Anger as health chiefs dismiss latest campaign for a minor injury unit at Cossham Hospital

Health chiefs have refused to reconsider providing a minor injury unit at Cossham Hospital in Kingswood despite a petition with over 5,000 signatures.

The call was dismissed by regional health chiefs at their meeting on Tuesday. The petition highlighting the ongoing need for a minor injury unit (MIU), which was started by a local nurse and backed by readers of The Week In, had the support of South Gloucestershire Health Scrutiny Committee.

The campaign highlighted the problems people still face having travel to seek healthcare for minor injuries in the absence of provision in the east Bristol area. Cossham reopened more than nine years ago after a major £19m refurbishment but without its planned minor injuries unit.

The petition also flagged up how the alternative to the MIU – a minor injuries service in every GP surgery in South Gloucestershire – had been ditched at the end of a two-year trial because it had failed to reduce attendances at A&E departments. Instead funding was put into Yate Minor Injury Unit. However, people heading there may find it shut as it has to close early at times of significant demand.

Lisa Manson, who is the director of commissioning at Bristol, North Somerset and South Gloucestershire Clinical Commissioning Group (CCG),  said at Tuesday’s meeting that petitioners would be aware that in 2015 the Independent Reconfiguration Panel (IRP) had confirmed the plans of then then South Gloucestershire CCG to not commission an MIU in Cossham – and it is not something the current CCG want to consider at this stage either.

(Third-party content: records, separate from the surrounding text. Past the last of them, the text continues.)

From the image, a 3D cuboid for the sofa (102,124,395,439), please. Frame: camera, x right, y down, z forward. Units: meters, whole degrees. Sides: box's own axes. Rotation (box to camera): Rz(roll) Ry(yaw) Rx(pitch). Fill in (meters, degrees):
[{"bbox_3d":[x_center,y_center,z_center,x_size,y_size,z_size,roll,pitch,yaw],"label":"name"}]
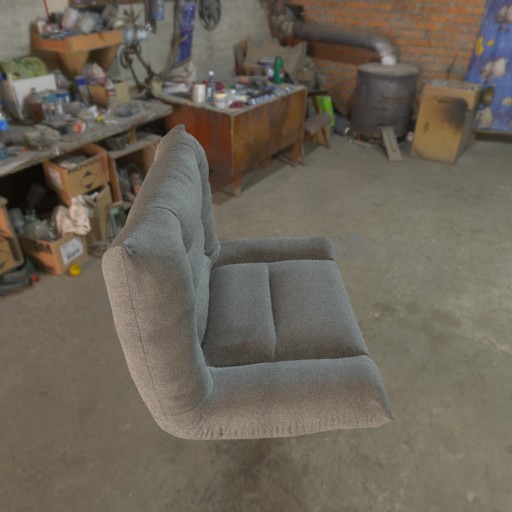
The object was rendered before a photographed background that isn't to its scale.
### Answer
[{"bbox_3d":[0.000,0.000,1.698,0.847,0.795,1.144,-1,32,-2],"label":"sofa"}]
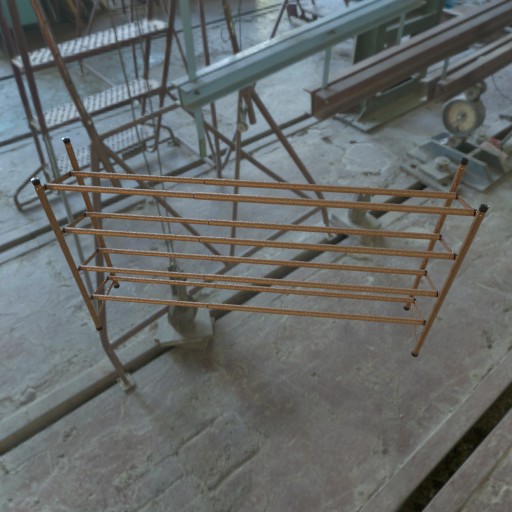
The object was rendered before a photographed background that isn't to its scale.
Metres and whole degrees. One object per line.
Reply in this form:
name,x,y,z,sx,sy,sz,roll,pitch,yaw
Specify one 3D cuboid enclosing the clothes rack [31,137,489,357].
clothes rack,0.000,0.000,1.434,1.168,0.672,0.229,4,46,4
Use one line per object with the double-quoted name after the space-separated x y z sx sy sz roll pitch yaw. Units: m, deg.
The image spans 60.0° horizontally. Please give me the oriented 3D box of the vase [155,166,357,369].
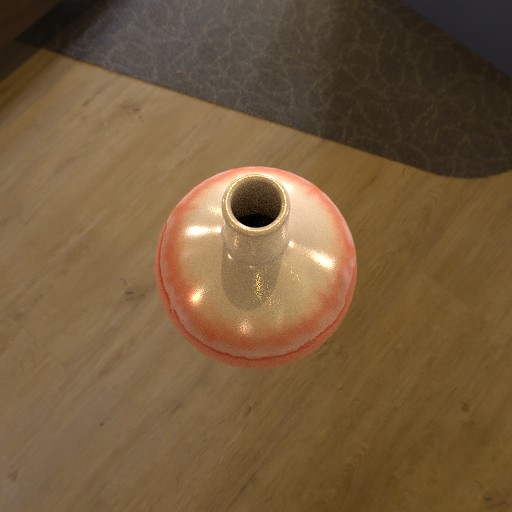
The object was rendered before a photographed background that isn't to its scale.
0.000 0.000 0.278 0.137 0.176 0.137 0 75 0 "vase"
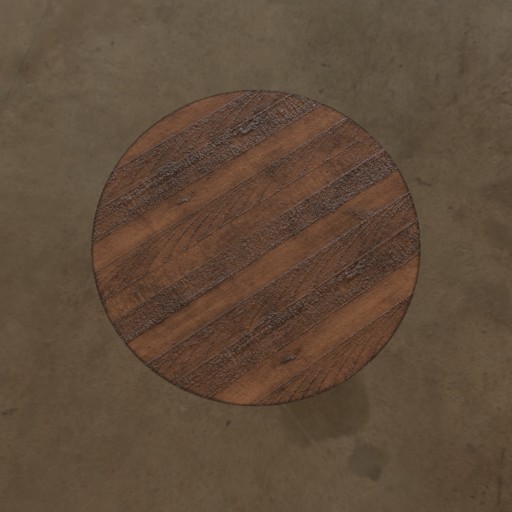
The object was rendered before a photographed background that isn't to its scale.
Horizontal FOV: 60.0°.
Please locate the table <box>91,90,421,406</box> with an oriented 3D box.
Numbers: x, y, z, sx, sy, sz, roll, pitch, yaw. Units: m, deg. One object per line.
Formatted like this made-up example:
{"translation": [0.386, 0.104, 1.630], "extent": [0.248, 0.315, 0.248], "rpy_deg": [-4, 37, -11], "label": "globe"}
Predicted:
{"translation": [0.000, 0.000, 1.354], "extent": [0.837, 0.462, 0.837], "rpy_deg": [0, 76, 0], "label": "table"}
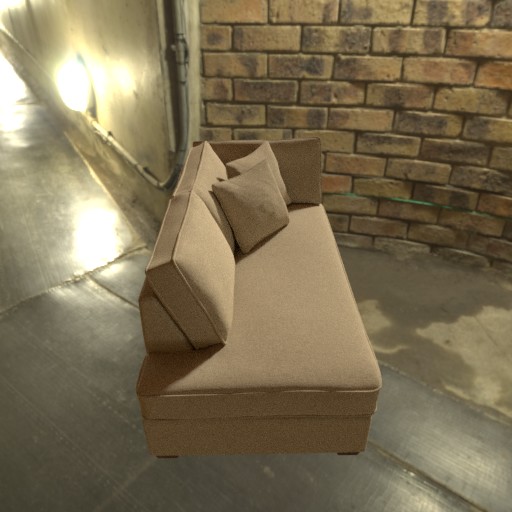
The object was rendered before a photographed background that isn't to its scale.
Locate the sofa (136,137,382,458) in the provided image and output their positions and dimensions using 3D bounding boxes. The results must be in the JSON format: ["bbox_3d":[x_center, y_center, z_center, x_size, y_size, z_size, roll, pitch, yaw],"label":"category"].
[{"bbox_3d":[0.000,0.000,2.841,1.110,1.033,2.237,0,32,-1],"label":"sofa"}]

In a statement she said: “It doesn’t form part of our urgent care strategy and is not something we will be progressing. We continue to work closely with our partners and population to ensure that urgent care services best meet people’s needs.

“One of our core challenges currently is workforce across the system and a fourth unit would mean we were in a position where we had further challenges in terms of being able to recruit, so to reiterate it is not something we would want to consider at this time.”

There is an MIU at Clevedon and the third unit is the Bristol Urgent Care Centre at Hengrove.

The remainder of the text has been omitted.